Aditi Roychoudhury wrote:Thanks for the reply.
I had the understanding that the post-increment/decrement operators are evaluated only after the complete expression is evaluated and the value is returned.
Can someone please confirm this?
Thanks,
Aditi.
Aditi,
These are the fundamental rules regarding expressions with binary operators:
- Each operand in a binary operator must be fully evaluated before the operator acts on the operands.
- Operators are evaluated left to right (first the left operator, then the second operator.)

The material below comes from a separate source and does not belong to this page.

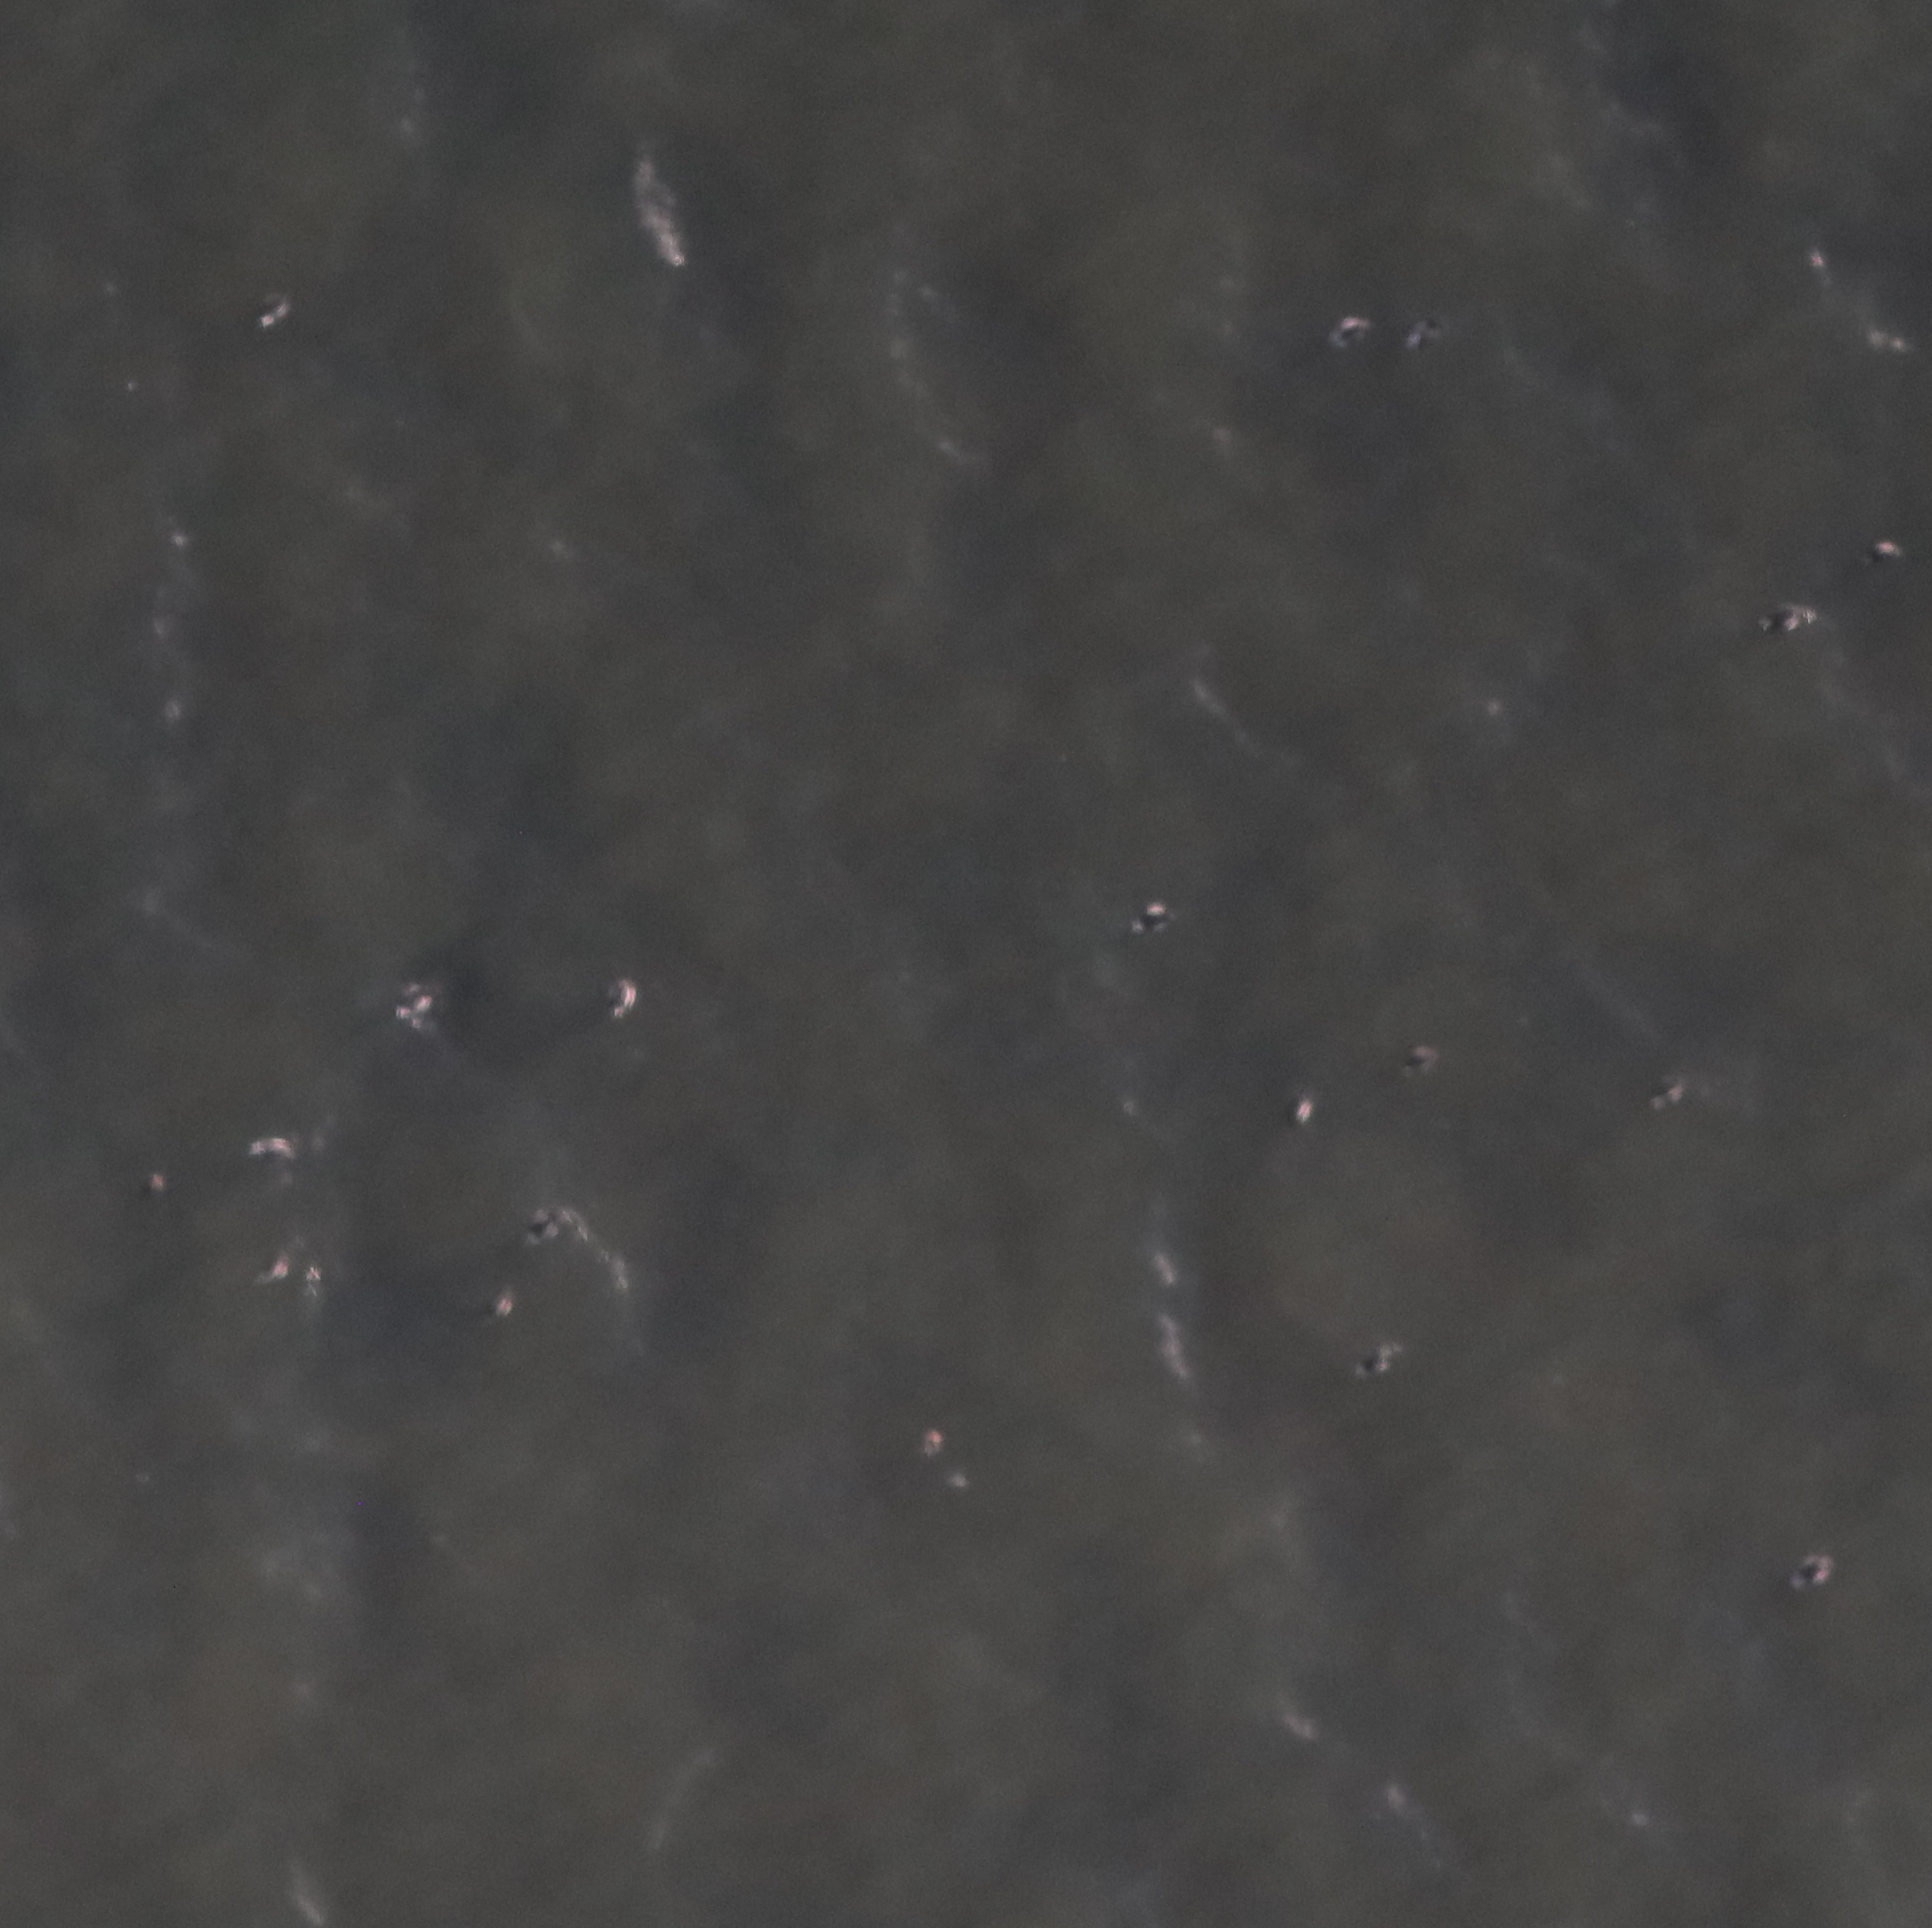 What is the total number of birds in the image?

19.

In your case, you have this:
x = x++ + x--;
You have quite a bit going on here, despite the apparent simplicity:
- An assignment operator.
- A numeric addition operator.
- A postincrement operator.
- A postdecrement operator.
The way this is evaluated is:
Before the assignment can take place, both the LHS (x) and the RHS (x++ + x--) must be evaluated.
For the RHS itself: both x++ and x-- must be evaluated before the addition can take place.
So x++ is evaluated (changes value of x to 46 and evaluates to 45,) x-- is evaluated (changes value of x to 45 and evaluates to 46,) and then the addition is performed (45 + 46, which equals 91.)
Then 91 is assigned to the variable x (the evaluation of the LHS of the assignment operator.
Analyzing it this way might seem overkill, but if you are systematic you will be able to reach sounder conclusions, especially with expressions that contain side effects like this one (or even more complex expressions.)